_GOAL OF THE EXERCISE_
Your output should be the lines from the start of the data through the line containing "40) rack frame (360, 139, 537, 589)", exactly and nothing more.

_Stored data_
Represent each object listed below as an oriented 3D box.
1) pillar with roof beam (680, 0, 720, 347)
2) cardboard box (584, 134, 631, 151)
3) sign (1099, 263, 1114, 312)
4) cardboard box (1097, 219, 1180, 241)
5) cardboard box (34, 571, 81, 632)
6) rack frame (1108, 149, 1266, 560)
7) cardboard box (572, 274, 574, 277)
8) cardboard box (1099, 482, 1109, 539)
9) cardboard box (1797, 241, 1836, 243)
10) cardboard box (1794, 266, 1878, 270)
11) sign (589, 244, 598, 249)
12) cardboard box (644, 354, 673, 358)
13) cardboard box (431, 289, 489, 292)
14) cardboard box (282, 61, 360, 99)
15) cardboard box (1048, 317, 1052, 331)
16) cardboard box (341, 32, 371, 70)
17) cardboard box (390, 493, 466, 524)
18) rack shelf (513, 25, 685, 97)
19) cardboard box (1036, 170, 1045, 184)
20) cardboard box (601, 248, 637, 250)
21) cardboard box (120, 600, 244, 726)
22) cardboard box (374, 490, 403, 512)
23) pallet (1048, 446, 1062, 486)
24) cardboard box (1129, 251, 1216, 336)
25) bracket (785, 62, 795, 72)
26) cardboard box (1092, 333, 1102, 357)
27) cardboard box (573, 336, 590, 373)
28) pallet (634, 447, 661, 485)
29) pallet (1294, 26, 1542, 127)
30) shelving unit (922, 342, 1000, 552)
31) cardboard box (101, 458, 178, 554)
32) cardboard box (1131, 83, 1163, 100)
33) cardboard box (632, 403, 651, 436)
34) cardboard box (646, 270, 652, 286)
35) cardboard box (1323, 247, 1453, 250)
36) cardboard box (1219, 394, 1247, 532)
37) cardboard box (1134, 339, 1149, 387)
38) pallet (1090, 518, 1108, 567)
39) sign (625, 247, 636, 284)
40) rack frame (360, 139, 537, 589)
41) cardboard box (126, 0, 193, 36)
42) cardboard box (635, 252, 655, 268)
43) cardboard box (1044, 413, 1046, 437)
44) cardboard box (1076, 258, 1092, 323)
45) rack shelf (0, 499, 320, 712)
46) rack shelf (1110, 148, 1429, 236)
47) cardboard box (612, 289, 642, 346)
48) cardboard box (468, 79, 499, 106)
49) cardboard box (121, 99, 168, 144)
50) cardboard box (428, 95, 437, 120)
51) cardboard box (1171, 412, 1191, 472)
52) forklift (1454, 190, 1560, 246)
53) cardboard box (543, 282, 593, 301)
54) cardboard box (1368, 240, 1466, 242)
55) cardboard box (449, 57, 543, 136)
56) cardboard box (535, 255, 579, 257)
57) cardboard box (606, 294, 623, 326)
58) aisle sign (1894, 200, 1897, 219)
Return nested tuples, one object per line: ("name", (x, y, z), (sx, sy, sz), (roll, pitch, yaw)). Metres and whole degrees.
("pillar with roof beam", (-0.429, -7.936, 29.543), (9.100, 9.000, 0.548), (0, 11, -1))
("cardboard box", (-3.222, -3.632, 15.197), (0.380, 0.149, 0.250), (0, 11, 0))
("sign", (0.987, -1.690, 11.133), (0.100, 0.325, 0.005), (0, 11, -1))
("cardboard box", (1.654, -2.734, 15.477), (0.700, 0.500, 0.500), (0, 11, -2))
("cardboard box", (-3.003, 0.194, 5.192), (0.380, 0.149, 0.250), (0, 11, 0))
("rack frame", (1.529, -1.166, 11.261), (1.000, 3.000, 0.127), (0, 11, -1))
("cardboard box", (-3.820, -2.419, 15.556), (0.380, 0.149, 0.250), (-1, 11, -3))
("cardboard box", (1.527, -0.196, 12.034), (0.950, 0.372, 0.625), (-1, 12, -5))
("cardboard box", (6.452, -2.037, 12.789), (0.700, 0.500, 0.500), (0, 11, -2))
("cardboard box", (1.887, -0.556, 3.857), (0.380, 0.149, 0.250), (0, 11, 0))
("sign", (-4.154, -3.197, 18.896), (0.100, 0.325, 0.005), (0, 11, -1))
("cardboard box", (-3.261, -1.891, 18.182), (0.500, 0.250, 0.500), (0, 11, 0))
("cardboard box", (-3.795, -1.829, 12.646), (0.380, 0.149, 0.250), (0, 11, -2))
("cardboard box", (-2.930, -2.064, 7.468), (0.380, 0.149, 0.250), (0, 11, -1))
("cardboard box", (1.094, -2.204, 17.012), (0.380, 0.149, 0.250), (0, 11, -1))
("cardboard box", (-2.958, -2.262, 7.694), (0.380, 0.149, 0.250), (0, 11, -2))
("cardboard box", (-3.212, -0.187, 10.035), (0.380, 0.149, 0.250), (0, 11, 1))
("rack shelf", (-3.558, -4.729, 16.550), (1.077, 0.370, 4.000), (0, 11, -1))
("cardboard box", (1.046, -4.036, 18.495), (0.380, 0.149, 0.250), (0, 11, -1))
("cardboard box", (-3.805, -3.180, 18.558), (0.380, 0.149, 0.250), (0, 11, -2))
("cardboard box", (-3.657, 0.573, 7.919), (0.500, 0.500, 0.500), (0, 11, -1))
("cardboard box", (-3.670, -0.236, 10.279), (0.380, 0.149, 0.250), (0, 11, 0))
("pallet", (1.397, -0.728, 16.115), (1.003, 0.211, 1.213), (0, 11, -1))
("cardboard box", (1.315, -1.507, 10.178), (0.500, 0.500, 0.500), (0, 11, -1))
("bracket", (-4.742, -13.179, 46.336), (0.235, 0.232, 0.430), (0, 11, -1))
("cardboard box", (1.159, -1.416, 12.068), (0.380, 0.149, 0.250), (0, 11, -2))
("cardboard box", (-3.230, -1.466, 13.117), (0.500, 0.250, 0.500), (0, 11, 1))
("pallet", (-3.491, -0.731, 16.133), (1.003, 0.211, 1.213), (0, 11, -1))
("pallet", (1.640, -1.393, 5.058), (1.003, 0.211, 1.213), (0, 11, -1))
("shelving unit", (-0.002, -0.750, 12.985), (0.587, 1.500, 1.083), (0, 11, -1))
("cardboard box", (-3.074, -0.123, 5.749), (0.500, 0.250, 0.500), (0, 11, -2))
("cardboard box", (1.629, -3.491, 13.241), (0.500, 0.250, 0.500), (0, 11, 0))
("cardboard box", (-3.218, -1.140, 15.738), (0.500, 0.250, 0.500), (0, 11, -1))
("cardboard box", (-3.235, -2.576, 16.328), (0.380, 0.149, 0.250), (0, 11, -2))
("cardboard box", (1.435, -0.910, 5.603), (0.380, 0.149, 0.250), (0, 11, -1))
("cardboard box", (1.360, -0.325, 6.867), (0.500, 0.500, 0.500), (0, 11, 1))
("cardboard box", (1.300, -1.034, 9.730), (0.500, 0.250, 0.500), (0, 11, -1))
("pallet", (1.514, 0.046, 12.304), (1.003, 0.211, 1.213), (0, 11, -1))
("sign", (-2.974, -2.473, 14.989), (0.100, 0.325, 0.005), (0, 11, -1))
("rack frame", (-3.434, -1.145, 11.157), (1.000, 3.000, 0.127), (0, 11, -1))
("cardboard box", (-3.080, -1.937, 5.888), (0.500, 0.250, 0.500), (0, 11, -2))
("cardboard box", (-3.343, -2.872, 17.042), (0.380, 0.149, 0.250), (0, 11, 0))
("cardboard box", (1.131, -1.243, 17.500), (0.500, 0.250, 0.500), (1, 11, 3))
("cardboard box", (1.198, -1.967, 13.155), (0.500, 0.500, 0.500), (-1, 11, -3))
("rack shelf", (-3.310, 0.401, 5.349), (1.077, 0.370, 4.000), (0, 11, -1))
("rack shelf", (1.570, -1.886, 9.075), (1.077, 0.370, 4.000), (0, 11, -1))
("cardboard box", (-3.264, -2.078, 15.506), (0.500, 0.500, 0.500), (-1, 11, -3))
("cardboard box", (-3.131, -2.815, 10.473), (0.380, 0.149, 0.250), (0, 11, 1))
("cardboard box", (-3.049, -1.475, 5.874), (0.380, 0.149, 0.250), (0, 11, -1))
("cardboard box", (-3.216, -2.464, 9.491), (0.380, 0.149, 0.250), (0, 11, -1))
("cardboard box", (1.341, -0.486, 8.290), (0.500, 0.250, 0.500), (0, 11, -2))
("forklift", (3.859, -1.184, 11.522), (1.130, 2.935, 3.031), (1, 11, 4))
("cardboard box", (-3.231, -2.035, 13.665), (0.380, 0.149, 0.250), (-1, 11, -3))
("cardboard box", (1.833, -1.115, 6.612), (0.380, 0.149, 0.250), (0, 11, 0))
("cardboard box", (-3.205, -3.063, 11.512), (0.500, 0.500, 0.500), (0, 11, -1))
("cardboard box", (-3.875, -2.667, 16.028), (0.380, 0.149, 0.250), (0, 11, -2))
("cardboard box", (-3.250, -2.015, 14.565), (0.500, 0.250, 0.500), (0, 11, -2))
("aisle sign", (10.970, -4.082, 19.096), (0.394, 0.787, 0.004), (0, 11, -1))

_SOLUTION_
Represent each object listed below as an oriented 3D box.
1) pillar with roof beam (680, 0, 720, 347)
2) cardboard box (584, 134, 631, 151)
3) sign (1099, 263, 1114, 312)
4) cardboard box (1097, 219, 1180, 241)
5) cardboard box (34, 571, 81, 632)
6) rack frame (1108, 149, 1266, 560)
7) cardboard box (572, 274, 574, 277)
8) cardboard box (1099, 482, 1109, 539)
9) cardboard box (1797, 241, 1836, 243)
10) cardboard box (1794, 266, 1878, 270)
11) sign (589, 244, 598, 249)
12) cardboard box (644, 354, 673, 358)
13) cardboard box (431, 289, 489, 292)
14) cardboard box (282, 61, 360, 99)
15) cardboard box (1048, 317, 1052, 331)
16) cardboard box (341, 32, 371, 70)
17) cardboard box (390, 493, 466, 524)
18) rack shelf (513, 25, 685, 97)
19) cardboard box (1036, 170, 1045, 184)
20) cardboard box (601, 248, 637, 250)
21) cardboard box (120, 600, 244, 726)
22) cardboard box (374, 490, 403, 512)
23) pallet (1048, 446, 1062, 486)
24) cardboard box (1129, 251, 1216, 336)
25) bracket (785, 62, 795, 72)
26) cardboard box (1092, 333, 1102, 357)
27) cardboard box (573, 336, 590, 373)
28) pallet (634, 447, 661, 485)
29) pallet (1294, 26, 1542, 127)
30) shelving unit (922, 342, 1000, 552)
31) cardboard box (101, 458, 178, 554)
32) cardboard box (1131, 83, 1163, 100)
33) cardboard box (632, 403, 651, 436)
34) cardboard box (646, 270, 652, 286)
35) cardboard box (1323, 247, 1453, 250)
36) cardboard box (1219, 394, 1247, 532)
37) cardboard box (1134, 339, 1149, 387)
38) pallet (1090, 518, 1108, 567)
39) sign (625, 247, 636, 284)
40) rack frame (360, 139, 537, 589)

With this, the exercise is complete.